Nevertheless, Leo’s argument for ralliement deserves independent consideration, not least because of its fundamental connection to his other encyclicals on the Christian constitution of the state. Now, De Mattei argues that Au milieu represents at least a practical contradiction of Immortale Dei, Diuturnum illud, and Libertas praestantissimum. As De Mattei puts it, Leo might have been illiberal in his doctrine, but he was certainly a liberal in his praxis. This is not a cheerful prospect. At the very least, one cannot say that Leo did not know his own mind, and, therefore, if there is a contradiction between his great, illiberal political encyclicals and Au milieu, we must attempt to resolve the contradiction—one way or the other. To analyze the question, one ought, in fairness to such a great pope, consider his thought in full. To clarify Au milieu des sollicitudes, one should turn to Notre consolation, the letter Leo sent to the French cardinals shortly after his encyclical was issued. This letter, as far as we know, has never been issued in English. As usual, we will not translate it here, not out of a sort of showy erudition, but because our French is not up to the task and we think you can get a machine translation as well as we can. At any rate, Notre consolation is Leo’s response to the reception of Au milieu in France. It would be important for that reason alone. However it is also important because Leo clarifies the basis of the acceptance of the new regime in France set forth in Au milieu.

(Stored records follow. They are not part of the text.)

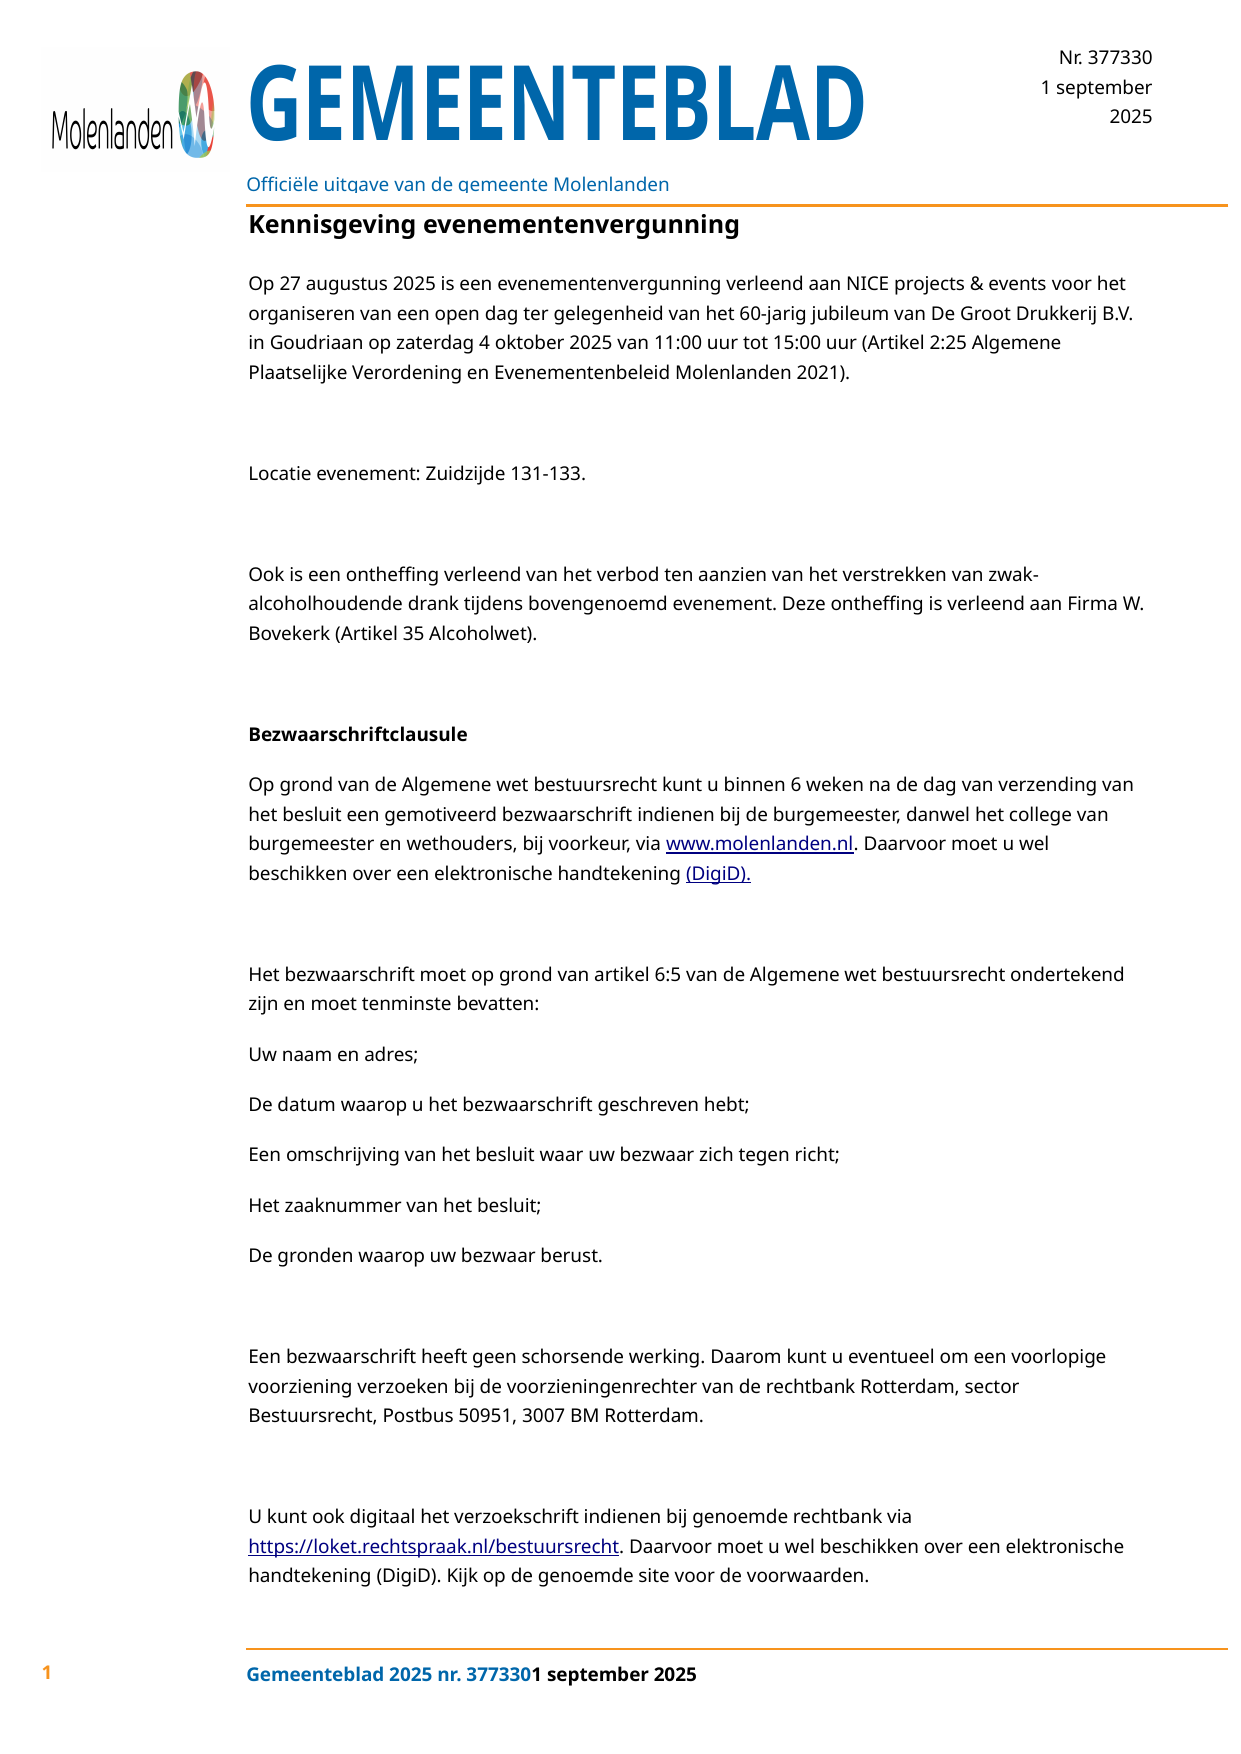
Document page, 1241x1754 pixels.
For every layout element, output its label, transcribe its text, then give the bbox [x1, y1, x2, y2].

text Een omschrijving van het besluit waar uw bezwaar zich tegen richt; [248, 1142, 1152, 1167]
text De datum waarop u het bezwaarschrift geschreven hebt; [248, 1091, 1152, 1117]
text Uw naam en adres; [248, 1041, 1152, 1066]
text Het bezwaarschrift moet op grond van artikel 6:5 van de Algemene wet bestuursrecht ondertekend zijn en moet tenminste bevatten: [248, 961, 1152, 1016]
picture [41, 47, 231, 172]
text Op grond van de Algemene wet bestuursrecht kunt u binnen 6 weken na de dag van verzending van het besluit een gemotiveerd bezwaarschrift indienen bij de burgemeester, danwel het college van burgemeester en wethouders, bij voorkeur, via www.molenlanden.nl. Daarvoor moet u wel beschikken over een elektronische handtekening (DigiD). [248, 771, 1152, 886]
text Op 27 augustus 2025 is een evenementenvergunning verleend aan NICE projects & events voor het organiseren van een open dag ter gelegenheid van het 60-jarig jubileum van De Groot Drukkerij B.V. in Goudriaan op zaterdag 4 oktober 2025 van 11:00 uur tot 15:00 uur (Artikel 2:25 Algemene Plaatselijke Verordening en Evenementenbeleid Molenlanden 2021). [248, 270, 1152, 385]
text Kennisgeving evenementenvergunning [248, 207, 1152, 241]
text Ook is een ontheffing verleend van het verbod ten aanzien van het verstrekken van zwak-alcoholhoudende drank tijdens bovengenoemd evenement. Deze ontheffing is verleend aan Firma W. Bovekerk (Artikel 35 Alcoholwet). [248, 561, 1152, 646]
text Het zaaknummer van het besluit; [248, 1192, 1152, 1218]
text Bezwaarschriftclausule [248, 721, 1152, 746]
text De gronden waarop uw bezwaar berust. [248, 1242, 1152, 1268]
text Locatie evenement: Zuidzijde 131-133. [248, 460, 1152, 486]
text U kunt ook digitaal het verzoekschrift indienen bij genoemde rechtbank via https://loket.rechtspraak.nl/bestuursrecht. Daarvoor moet u wel beschikken over een elektronische handtekening (DigiD). Kijk op de genoemde site voor de voorwaarden. [248, 1503, 1152, 1588]
text Een bezwaarschrift heeft geen schorsende werking. Daarom kunt u eventueel om een voorlopige voorziening verzoeken bij de voorzieningenrechter van de rechtbank Rotterdam, sector Bestuursrecht, Postbus 50951, 3007 BM Rotterdam. [248, 1343, 1152, 1428]

In Notre consolation, Leo says:
Nous l’avons également expliqué et Nous tenons à le redire, pour que personne ne se méprenne sur Notre enseignement: un de ces moyens est d’accepter sans arrière-pensée, avec cette loyauté parfaite qui convient au chrétien, le pouvoir civil dans la forme où, de fait, il existe. Ainsi fut accepté, en France, le premier Empire, au lendemain d’une effroyable et sanglante anarchie ; ainsi furent acceptés les autres pouvoirs, soit monarchiques, soit républicains, qui se succédèrent jusqu’à nos jours.
Et la raison de cette acceptation, c’est que le bien commun de la société l’emporte sur tout autre intérêt; car il est le principe créateur, il est l’élément conservateur de la société humaine ; d’où il suit que tout vrai citoyen doit le vouloir et le procurer à tout prix. Or, de cette nécessité d’assurer le bien commun dérive, comme de sa source propre et immédiate, la nécessité d’un pouvoir civil qui, s’orientant vers le but suprême, y dirige sagement et constamment les volontés multiples des sujets, groupés en faisceau dans sa main. Lors donc que, dans une société, il existe un pouvoir constitué et mis à l’œuvre, l’intérêt commun se trouve lié à ce pouvoir, et l’on doit, pour cette raison, l’accepter tel qu’il est. C’est pour ces motifs et dans ce sens que Nous avons dit aux catholiques français: Acceptez la République, c’est-à-dire le pouvoir constitué et existant parmi vous; respectez-la ; soyez-lui soumis comme représentant le pouvoir venu de Dieu.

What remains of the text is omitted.